After being menaced by COVID-19 for more than a year, Taiwan has experienced its first incident of an intensive-care physician being infected, which has led to a cluster of local cases.
Taiwan’s disease control, which had been brimming with confidence, is suddenly threatened with a possible breach. As part of the emergency response, patients at the hospital can be discharged, but no new ones are to be admitted.
People connected with the cluster have been checked and screened, and their movements made public, with local authorities working with the central government to investigate the outbreak.
Some local businesses have closed down temporarily to disinfect their premises. These measures might be a taste of worse things to come.
Nonetheless, healthcare operations are continuing as normal, and healthcare workers are free to move around. The hospital has not been completely locked down — as happened at Taipei Municipal Hoping Hospital during the 2003 SARS crisis — neither has the whole population had to undergo nucleic acid tests, as has happened in Wuhan, China.
More importantly, the Centers for Disease Control has remained firmly in control and has not been thrown into confusion.
The only disturbance came from former department of health minister Yaung Chih-liang (楊志良), who angered many doctors and nurses by saying that the infected physician should be punished for not following standard operating procedures.
Many healthcare professionals have called on Yaung to apologize.
If medical negligence did occur, creating a breach in the wall of disease control that might lead to community infection, should someone not be held responsible?
Yaung, who said: “I was just stating the facts,” is probably not willing to concede.
However, does blaming and punishing individuals contribute anything to fighting an epidemic?
Medical and flight safety can mean the difference between life and death. If a medical safety incident involves large-scale infections that could cause healthcare services to collapse and the mortality rate to soar, it would be comparable to a plane crash that kills or injures hundreds of people.
However, an important principle of flight safety reviews is not to blame personnel. The emphasis of research and discussion is not on the errors themselves or the people who made them, but on the factors that influenced them and led to the mistakes, and on how to prevent human or systemic errors from recurring, possibly with even more serious consequences.

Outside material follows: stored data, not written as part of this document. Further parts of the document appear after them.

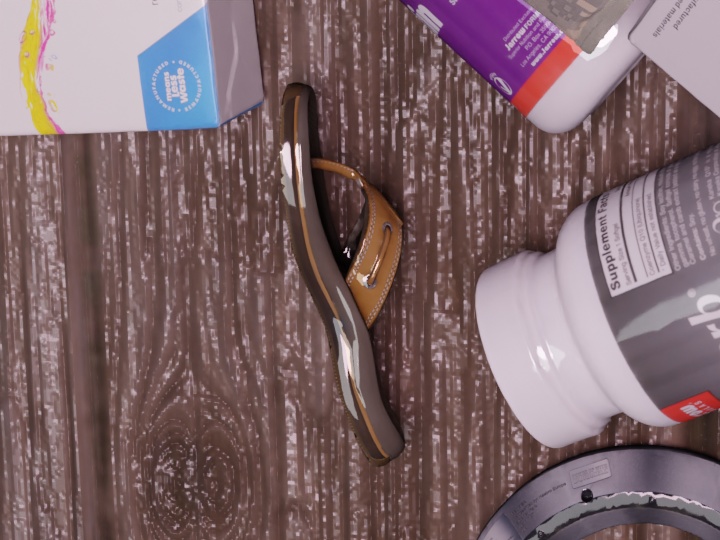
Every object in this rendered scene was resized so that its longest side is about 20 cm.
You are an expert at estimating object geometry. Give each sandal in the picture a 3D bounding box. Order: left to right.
[{"bbox_3d":[0.000,0.000,1.140,0.054,0.082,0.201,-15,99,4],"label":"sandal"}]

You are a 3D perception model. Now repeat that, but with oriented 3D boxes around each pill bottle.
[{"bbox_3d":[0.056,-0.166,1.053,0.200,0.112,0.113,43,113,3],"label":"pill bottle"},{"bbox_3d":[0.163,0.005,1.065,0.199,0.116,0.116,-24,97,23],"label":"pill bottle"}]

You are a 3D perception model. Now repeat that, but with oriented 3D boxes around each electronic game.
[{"bbox_3d":[0.146,0.187,1.162,0.199,0.042,0.201,2,101,10],"label":"electronic game"}]

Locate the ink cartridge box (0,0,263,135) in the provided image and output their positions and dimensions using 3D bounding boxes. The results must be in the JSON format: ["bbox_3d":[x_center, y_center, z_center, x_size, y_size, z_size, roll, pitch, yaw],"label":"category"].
[{"bbox_3d":[-0.157,-0.131,1.156,0.199,0.067,0.117,-1,105,19],"label":"ink cartridge box"}]

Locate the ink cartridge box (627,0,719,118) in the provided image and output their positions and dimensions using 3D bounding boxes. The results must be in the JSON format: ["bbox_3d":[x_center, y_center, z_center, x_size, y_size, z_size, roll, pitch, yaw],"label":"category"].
[{"bbox_3d":[0.238,-0.092,0.971,0.200,0.145,0.084,41,138,6],"label":"ink cartridge box"}]

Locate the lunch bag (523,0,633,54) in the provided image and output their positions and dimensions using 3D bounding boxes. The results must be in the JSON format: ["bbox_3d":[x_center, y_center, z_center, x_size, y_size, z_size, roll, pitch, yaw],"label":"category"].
[{"bbox_3d":[0.102,-0.223,0.961,0.164,0.200,0.118,38,152,2],"label":"lunch bag"}]

Many years of experience show that, rather than blaming a flight crew for errors, it is better to encourage those involved to boldly desist from concealing the truth and open every curtain. This is the only way to discover the root causes of an accident and prevent it from happening again.
As the Taiwan Aviation Education Development Association says, safety management in aviation has progressed from conducting reviews and making improvements in the wake of accidents, to anticipatory prevention and damage control.

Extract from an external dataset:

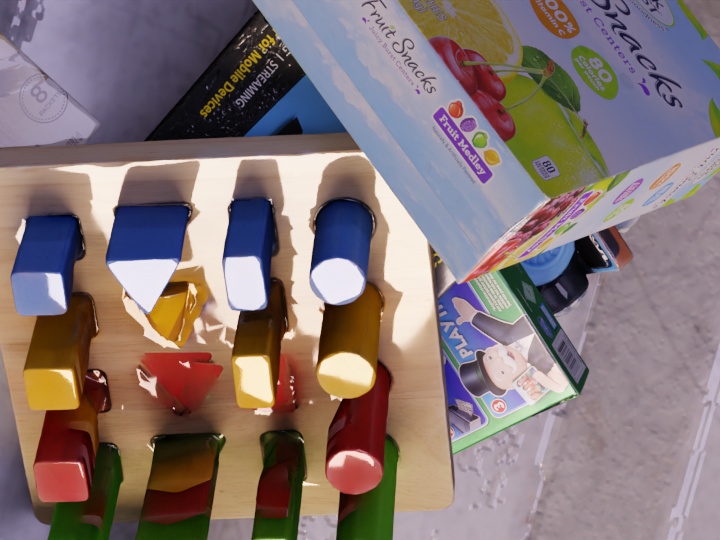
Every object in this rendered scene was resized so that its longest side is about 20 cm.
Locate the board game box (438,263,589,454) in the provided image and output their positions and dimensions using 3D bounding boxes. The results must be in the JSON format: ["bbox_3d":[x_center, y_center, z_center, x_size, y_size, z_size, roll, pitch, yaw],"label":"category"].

One good thing is that Yaung and his outdated attitude is not one of those in charge of fighting COVID-19. Better still, people in the public eye, including academics who support the opposition, are clear-headed enough to understand the importance of root-cause analysis.
Hopefully, Taiwan’s healthcare sector can remember this lesson, and build a leaner and tougher front-line medical force to fight epidemics.
Lee Hung-sheng is a physician in charge of a clinic in Taichung.